_WHAT YOU HAVE TO DO_: From the entries below, copy exactly the lines from the one that contains "- person (414, 588, 510, 728)" through the one that contains "- person (1193, 720, 1267, 926)", both included, and only those.

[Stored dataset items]
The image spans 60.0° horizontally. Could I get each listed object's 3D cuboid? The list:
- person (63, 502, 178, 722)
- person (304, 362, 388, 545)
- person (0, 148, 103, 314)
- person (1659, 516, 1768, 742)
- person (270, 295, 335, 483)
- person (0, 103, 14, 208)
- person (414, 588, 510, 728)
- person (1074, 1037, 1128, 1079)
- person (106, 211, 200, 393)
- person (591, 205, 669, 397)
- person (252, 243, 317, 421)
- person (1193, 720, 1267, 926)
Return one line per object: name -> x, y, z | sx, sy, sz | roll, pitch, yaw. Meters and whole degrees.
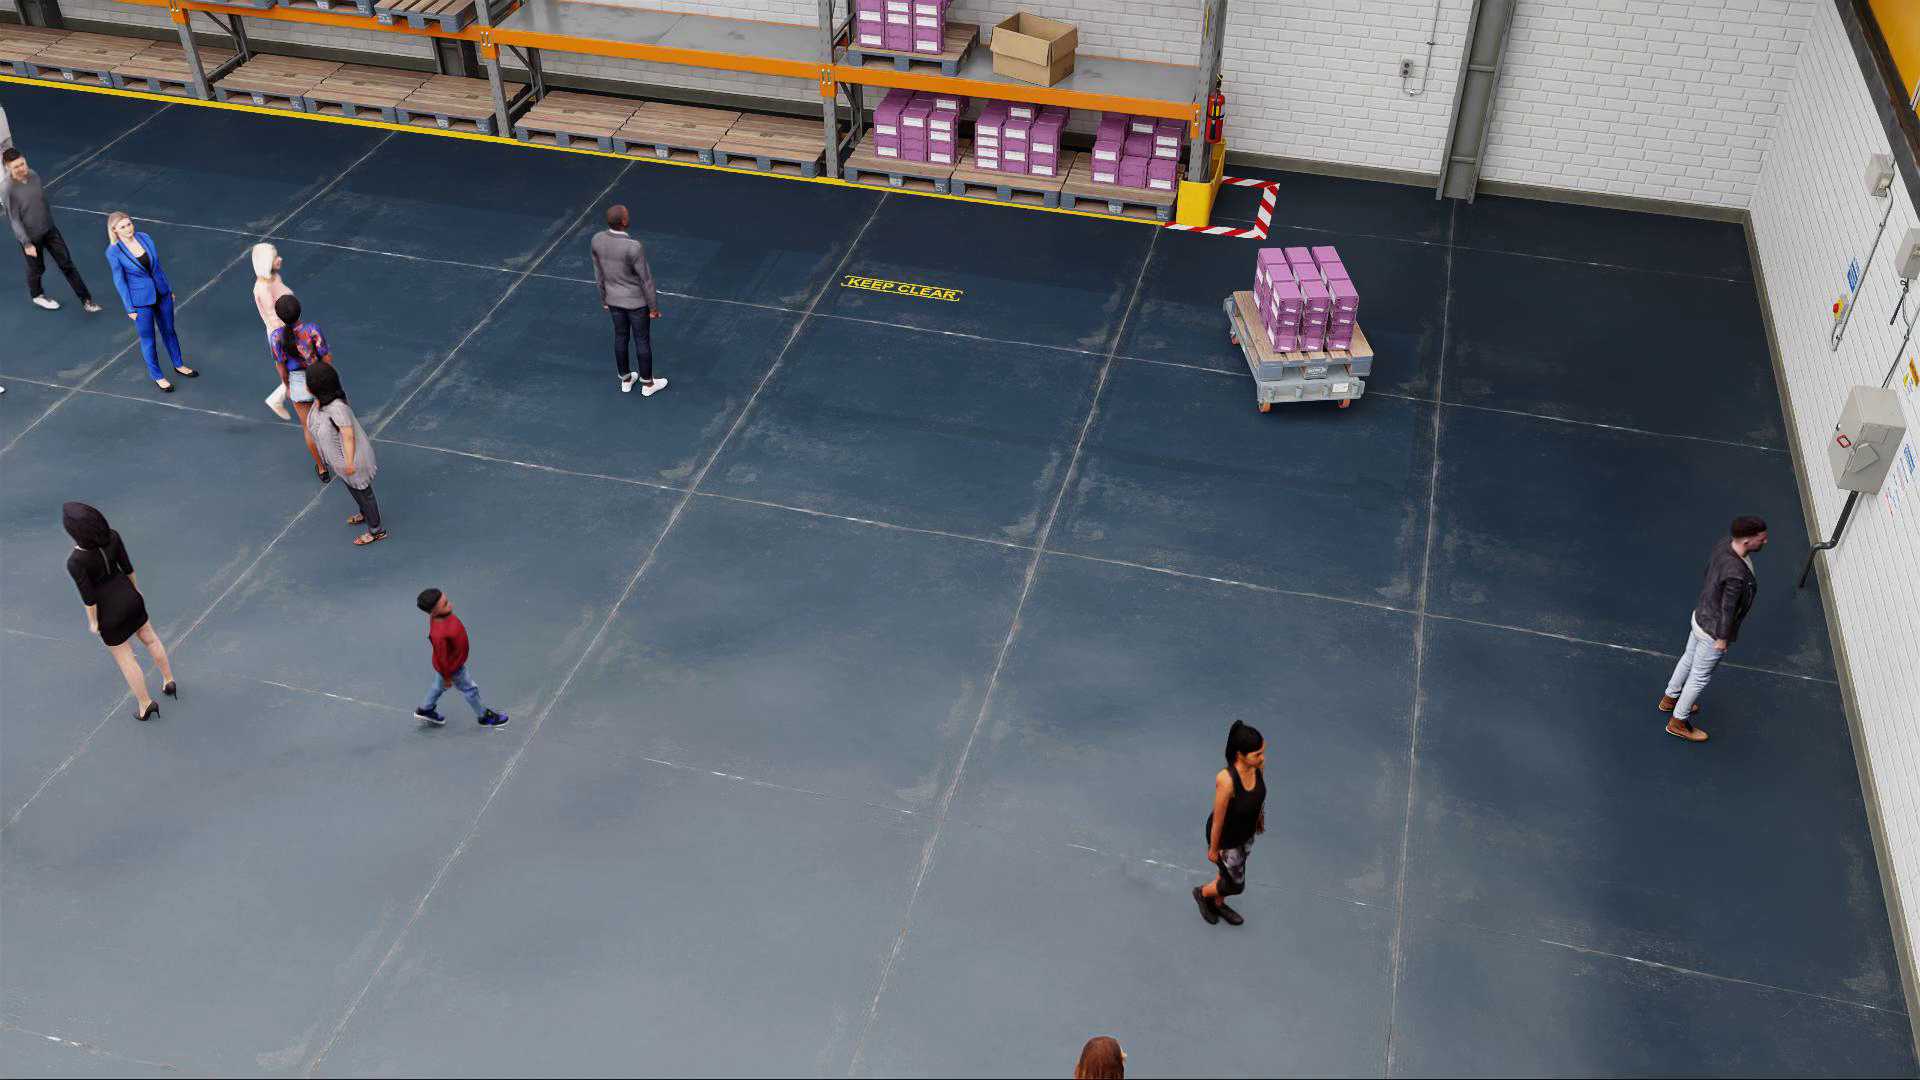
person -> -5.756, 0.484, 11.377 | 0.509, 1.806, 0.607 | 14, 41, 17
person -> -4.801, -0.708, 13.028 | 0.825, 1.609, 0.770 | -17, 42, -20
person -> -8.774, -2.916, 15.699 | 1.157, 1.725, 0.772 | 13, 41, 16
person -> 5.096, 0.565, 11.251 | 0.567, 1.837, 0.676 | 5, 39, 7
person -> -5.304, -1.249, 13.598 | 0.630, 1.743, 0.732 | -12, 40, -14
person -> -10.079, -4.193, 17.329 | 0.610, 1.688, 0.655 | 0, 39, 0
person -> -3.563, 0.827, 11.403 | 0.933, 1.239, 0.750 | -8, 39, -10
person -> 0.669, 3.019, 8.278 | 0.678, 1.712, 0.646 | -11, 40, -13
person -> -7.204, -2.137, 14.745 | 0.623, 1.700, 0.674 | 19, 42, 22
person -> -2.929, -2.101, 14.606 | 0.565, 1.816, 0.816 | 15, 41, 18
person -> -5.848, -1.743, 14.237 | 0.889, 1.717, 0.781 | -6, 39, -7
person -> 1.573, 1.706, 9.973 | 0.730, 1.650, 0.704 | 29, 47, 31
==
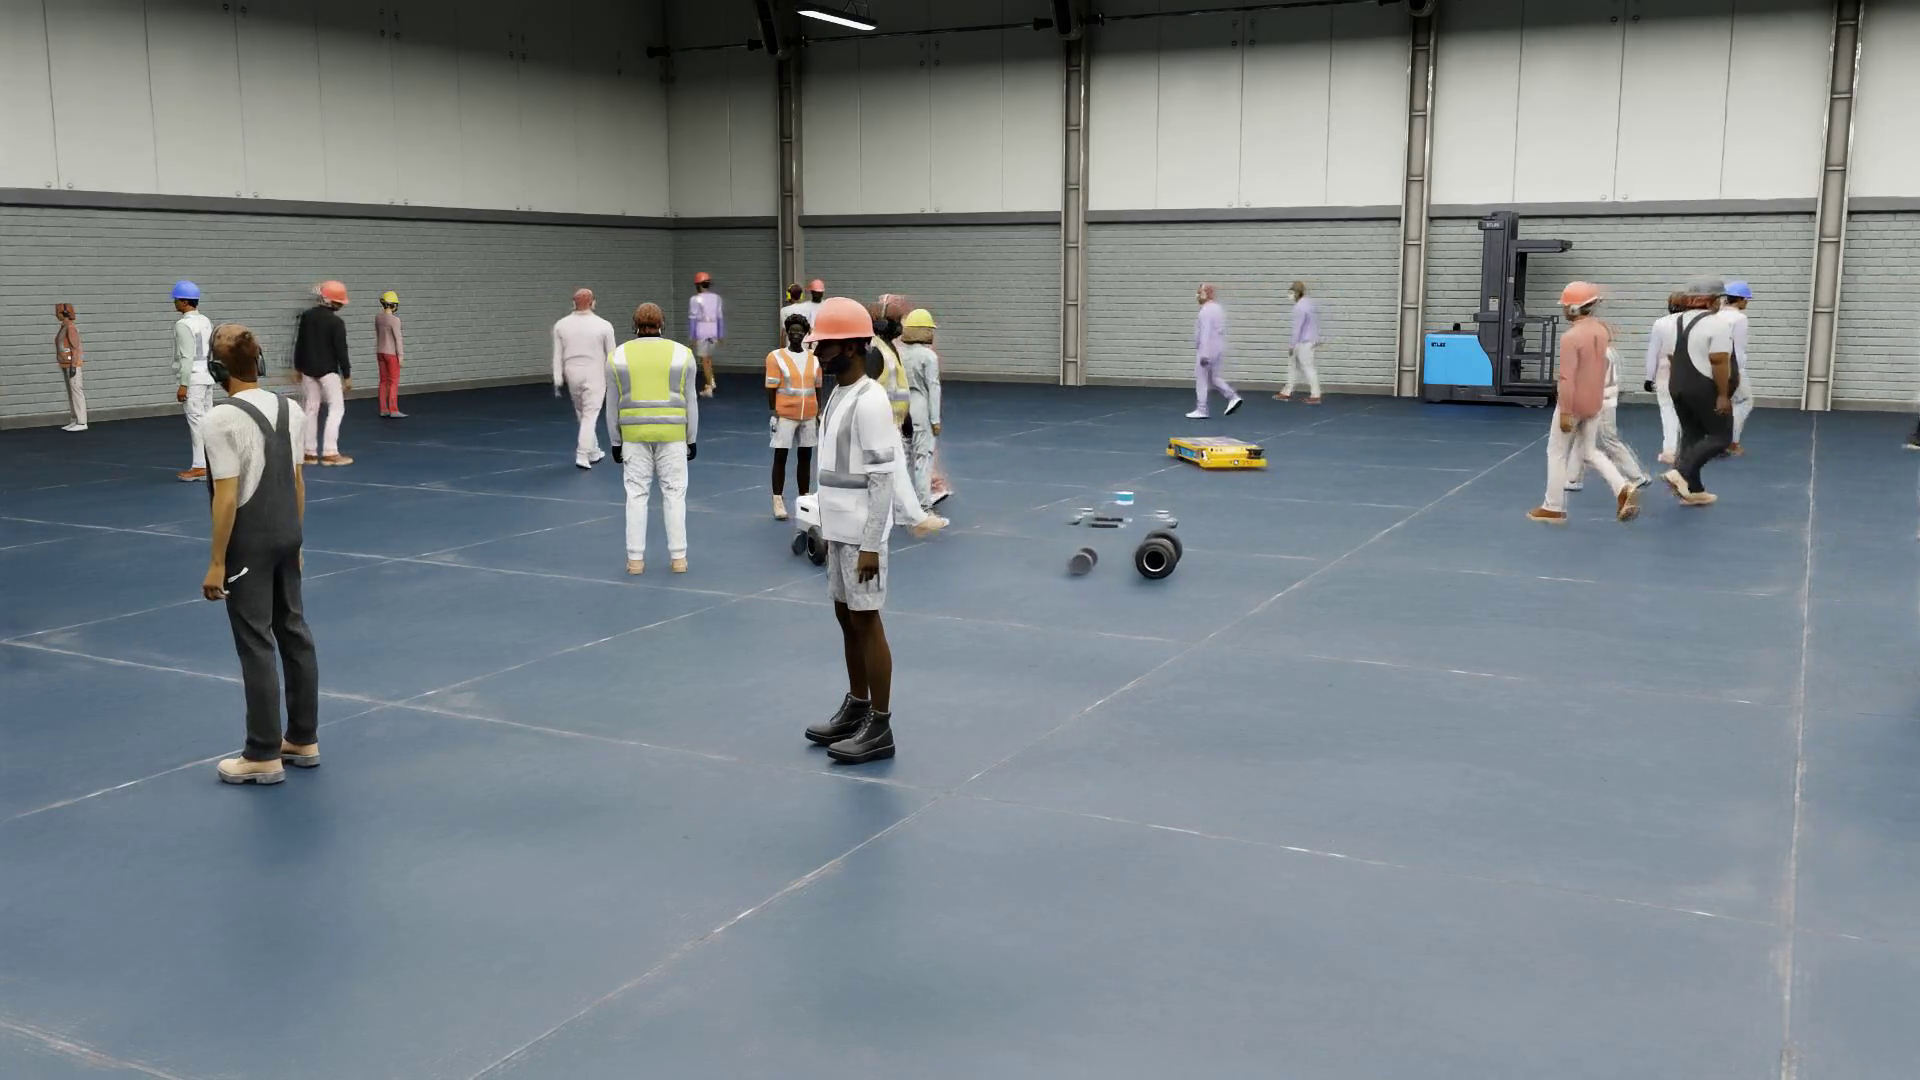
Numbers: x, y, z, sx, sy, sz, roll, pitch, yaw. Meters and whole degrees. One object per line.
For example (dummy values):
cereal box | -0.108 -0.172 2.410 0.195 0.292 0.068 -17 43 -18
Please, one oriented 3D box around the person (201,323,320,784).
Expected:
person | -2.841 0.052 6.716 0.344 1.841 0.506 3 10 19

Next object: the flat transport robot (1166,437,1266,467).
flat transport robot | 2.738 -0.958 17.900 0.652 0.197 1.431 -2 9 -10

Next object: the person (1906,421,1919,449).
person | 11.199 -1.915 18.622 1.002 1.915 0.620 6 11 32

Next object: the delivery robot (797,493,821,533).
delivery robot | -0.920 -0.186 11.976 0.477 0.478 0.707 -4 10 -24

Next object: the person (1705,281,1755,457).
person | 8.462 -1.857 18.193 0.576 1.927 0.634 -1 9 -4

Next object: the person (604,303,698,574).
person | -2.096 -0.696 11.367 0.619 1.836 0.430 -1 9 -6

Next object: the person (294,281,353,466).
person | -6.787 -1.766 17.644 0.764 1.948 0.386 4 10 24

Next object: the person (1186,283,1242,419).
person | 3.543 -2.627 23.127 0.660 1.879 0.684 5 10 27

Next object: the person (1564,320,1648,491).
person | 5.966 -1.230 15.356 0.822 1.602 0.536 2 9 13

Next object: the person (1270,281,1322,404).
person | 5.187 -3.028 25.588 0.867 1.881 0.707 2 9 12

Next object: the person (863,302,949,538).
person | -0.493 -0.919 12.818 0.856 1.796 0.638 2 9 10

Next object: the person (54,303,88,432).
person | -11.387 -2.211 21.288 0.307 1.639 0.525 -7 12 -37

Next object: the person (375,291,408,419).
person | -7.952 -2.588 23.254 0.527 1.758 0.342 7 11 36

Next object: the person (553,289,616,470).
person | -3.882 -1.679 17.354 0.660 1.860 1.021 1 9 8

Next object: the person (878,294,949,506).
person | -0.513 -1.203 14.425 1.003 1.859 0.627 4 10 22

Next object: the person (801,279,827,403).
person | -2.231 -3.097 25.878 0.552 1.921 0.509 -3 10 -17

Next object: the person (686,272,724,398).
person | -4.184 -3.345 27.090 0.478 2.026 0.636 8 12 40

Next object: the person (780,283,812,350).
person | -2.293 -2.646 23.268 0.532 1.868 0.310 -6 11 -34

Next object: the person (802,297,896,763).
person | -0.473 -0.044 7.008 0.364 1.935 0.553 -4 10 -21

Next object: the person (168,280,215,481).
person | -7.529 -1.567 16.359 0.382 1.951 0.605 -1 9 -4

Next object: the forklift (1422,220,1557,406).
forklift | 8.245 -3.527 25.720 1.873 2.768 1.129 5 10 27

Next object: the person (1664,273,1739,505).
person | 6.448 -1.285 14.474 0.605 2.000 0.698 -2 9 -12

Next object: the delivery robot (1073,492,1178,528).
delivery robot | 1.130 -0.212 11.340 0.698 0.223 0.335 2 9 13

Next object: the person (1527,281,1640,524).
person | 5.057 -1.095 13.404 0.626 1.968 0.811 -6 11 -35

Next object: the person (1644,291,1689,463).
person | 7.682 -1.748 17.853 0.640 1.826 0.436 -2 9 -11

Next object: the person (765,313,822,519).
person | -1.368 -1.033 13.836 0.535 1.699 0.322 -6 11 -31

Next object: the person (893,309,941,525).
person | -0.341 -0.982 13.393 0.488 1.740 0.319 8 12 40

_TASK RESULT_:
- person (414, 588, 510, 728)
- person (1074, 1037, 1128, 1079)
- person (106, 211, 200, 393)
- person (591, 205, 669, 397)
- person (252, 243, 317, 421)
- person (1193, 720, 1267, 926)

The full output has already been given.